>>>
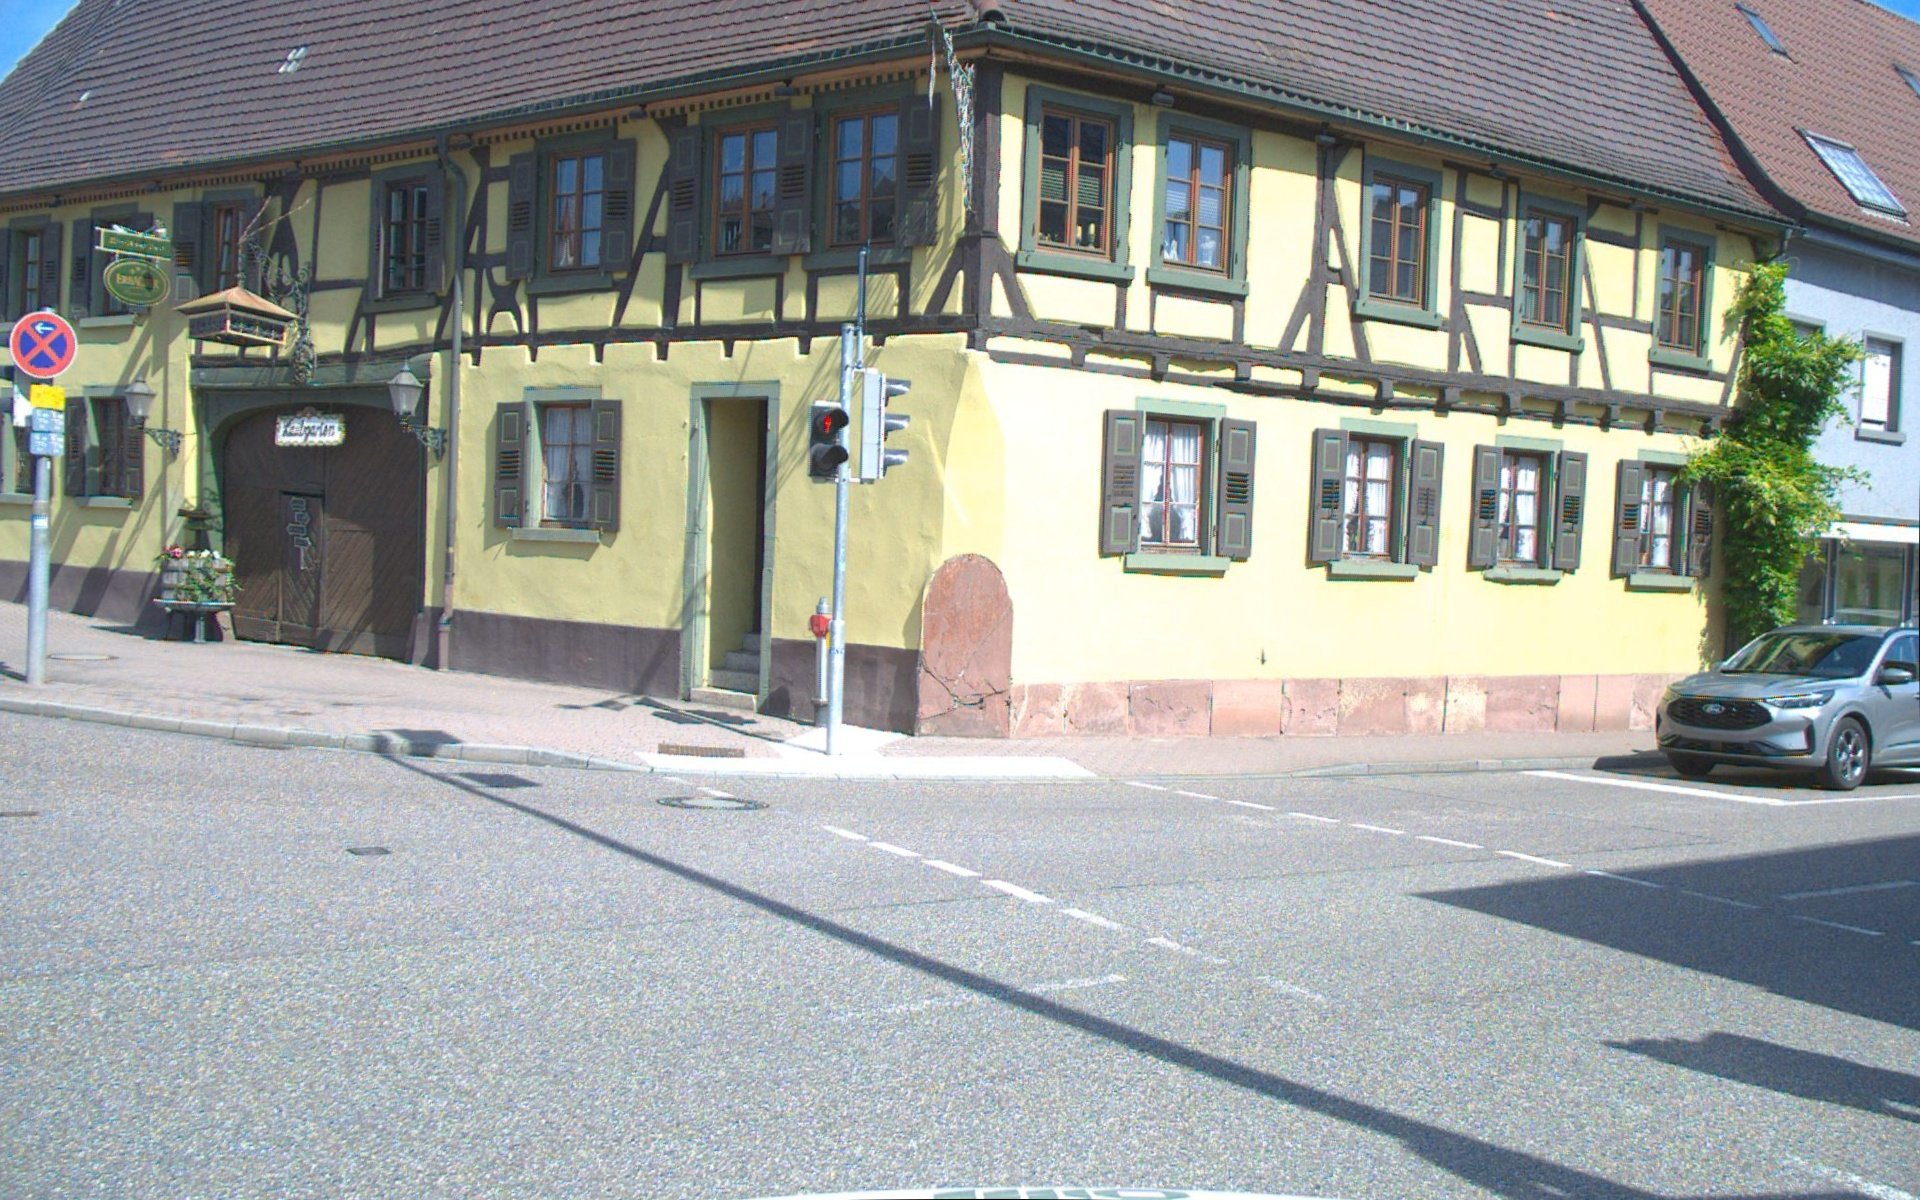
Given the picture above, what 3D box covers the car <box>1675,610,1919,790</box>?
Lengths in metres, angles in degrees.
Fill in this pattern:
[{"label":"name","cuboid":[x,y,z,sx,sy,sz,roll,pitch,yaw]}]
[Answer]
[{"label":"car","cuboid":[9.552,1.003,17.240,4.373,1.638,1.741,2,-1,-33]}]
<<<
■ **Activity**
Print out the entries once more, unchanged. No pictures.

■ **Exercise result**
Given the picture above, what 3D box covers the car <box>1675,610,1919,790</box>?
Lengths in metres, angles in degrees.
Fill in this pattern:
[{"label":"name","cuboid":[x,y,z,sx,sy,sz,roll,pitch,yaw]}]
[Answer]
[{"label":"car","cuboid":[9.552,1.003,17.240,4.373,1.638,1.741,2,-1,-33]}]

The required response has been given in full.